# Farm Dogs



## Vol (Jul 5, 2009)

Farm dogs.....great friends.

Regards, Mike

http://www.agricultu...ogs_275-sl29489


----------



## rjmoses (Apr 4, 2010)

Coincidentally, I just read the Ten Commandments for dogs:

Sit, Stay, Heel, Down, Speak, Fetch, Come, Shake, Wait, Rollover.

Ralph


----------



## enos (Dec 6, 2009)

One hint, don't name them till they make it through a haying season. Hence we have Yellow dog and Black dog.


----------



## R Ball (Feb 26, 2013)

Picking up a australian shepard Tuesday from Nebraska. He's a started 2 year old. Hope he can help with the cattle.
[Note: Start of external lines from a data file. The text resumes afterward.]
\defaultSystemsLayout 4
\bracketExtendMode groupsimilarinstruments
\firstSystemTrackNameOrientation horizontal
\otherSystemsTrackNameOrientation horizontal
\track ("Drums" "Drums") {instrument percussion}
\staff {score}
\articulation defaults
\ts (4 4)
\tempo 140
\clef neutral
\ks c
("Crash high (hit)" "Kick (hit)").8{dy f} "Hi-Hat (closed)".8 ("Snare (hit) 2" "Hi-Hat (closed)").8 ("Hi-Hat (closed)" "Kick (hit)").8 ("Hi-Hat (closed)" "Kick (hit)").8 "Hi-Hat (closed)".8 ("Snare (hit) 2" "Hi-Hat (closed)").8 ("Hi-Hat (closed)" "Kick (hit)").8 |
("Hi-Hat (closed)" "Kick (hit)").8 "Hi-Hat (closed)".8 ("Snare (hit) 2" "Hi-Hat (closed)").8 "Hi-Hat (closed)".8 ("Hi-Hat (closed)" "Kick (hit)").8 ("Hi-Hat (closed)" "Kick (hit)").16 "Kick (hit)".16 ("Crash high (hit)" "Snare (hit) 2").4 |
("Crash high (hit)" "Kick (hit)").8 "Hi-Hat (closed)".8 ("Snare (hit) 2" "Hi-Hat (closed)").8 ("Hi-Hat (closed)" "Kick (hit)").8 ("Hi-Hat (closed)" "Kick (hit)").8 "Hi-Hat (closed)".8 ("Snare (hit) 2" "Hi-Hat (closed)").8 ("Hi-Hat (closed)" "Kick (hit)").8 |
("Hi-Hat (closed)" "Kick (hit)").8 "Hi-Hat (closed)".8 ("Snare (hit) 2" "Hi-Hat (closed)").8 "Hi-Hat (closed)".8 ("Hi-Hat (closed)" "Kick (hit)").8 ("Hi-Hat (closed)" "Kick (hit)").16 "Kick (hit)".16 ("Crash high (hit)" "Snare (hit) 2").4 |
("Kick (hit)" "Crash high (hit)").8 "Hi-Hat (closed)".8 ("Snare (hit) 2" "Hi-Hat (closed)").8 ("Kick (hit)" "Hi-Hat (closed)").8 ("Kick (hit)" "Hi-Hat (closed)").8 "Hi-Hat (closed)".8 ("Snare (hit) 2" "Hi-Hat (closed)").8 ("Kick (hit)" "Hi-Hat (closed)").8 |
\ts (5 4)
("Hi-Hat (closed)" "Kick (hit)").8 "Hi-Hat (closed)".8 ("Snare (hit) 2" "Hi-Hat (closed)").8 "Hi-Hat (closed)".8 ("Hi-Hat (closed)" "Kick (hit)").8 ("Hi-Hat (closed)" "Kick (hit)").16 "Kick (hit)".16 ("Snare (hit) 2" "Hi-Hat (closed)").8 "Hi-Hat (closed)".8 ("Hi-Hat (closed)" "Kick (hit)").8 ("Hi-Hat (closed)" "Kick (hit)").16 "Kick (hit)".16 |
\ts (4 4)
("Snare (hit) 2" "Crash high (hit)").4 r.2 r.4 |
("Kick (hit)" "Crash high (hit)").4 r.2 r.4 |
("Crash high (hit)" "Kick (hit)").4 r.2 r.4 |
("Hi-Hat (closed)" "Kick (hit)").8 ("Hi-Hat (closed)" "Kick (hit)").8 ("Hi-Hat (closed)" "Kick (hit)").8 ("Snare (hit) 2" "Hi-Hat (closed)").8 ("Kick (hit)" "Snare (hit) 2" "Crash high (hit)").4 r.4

Nothing like a good dog.


----------



## cwright (Oct 19, 2011)

My granddad always had a good farm dog around the place and they always had some unusual trait. 
There was a campground about a half mile away and in the summer it was alway full.
Went to visit one summer day and first thing I noticed was all types and colors of tennis shoes stuck on the fence pickets in front of the house.
I asked him when he started wearing tennis shoes and why did he have four dozen pairs.
"The dog brought them to me" he said.
I had a good laught about it then he told me to go around the back and check out his bathing suits.
So around I went and saw at least 50 sets of two peice womens bathing suits pinned to the fence.
I asked him why there wernt any one peice suits.
Pap told me "The dog dont like those he only likes the two peice suits."


----------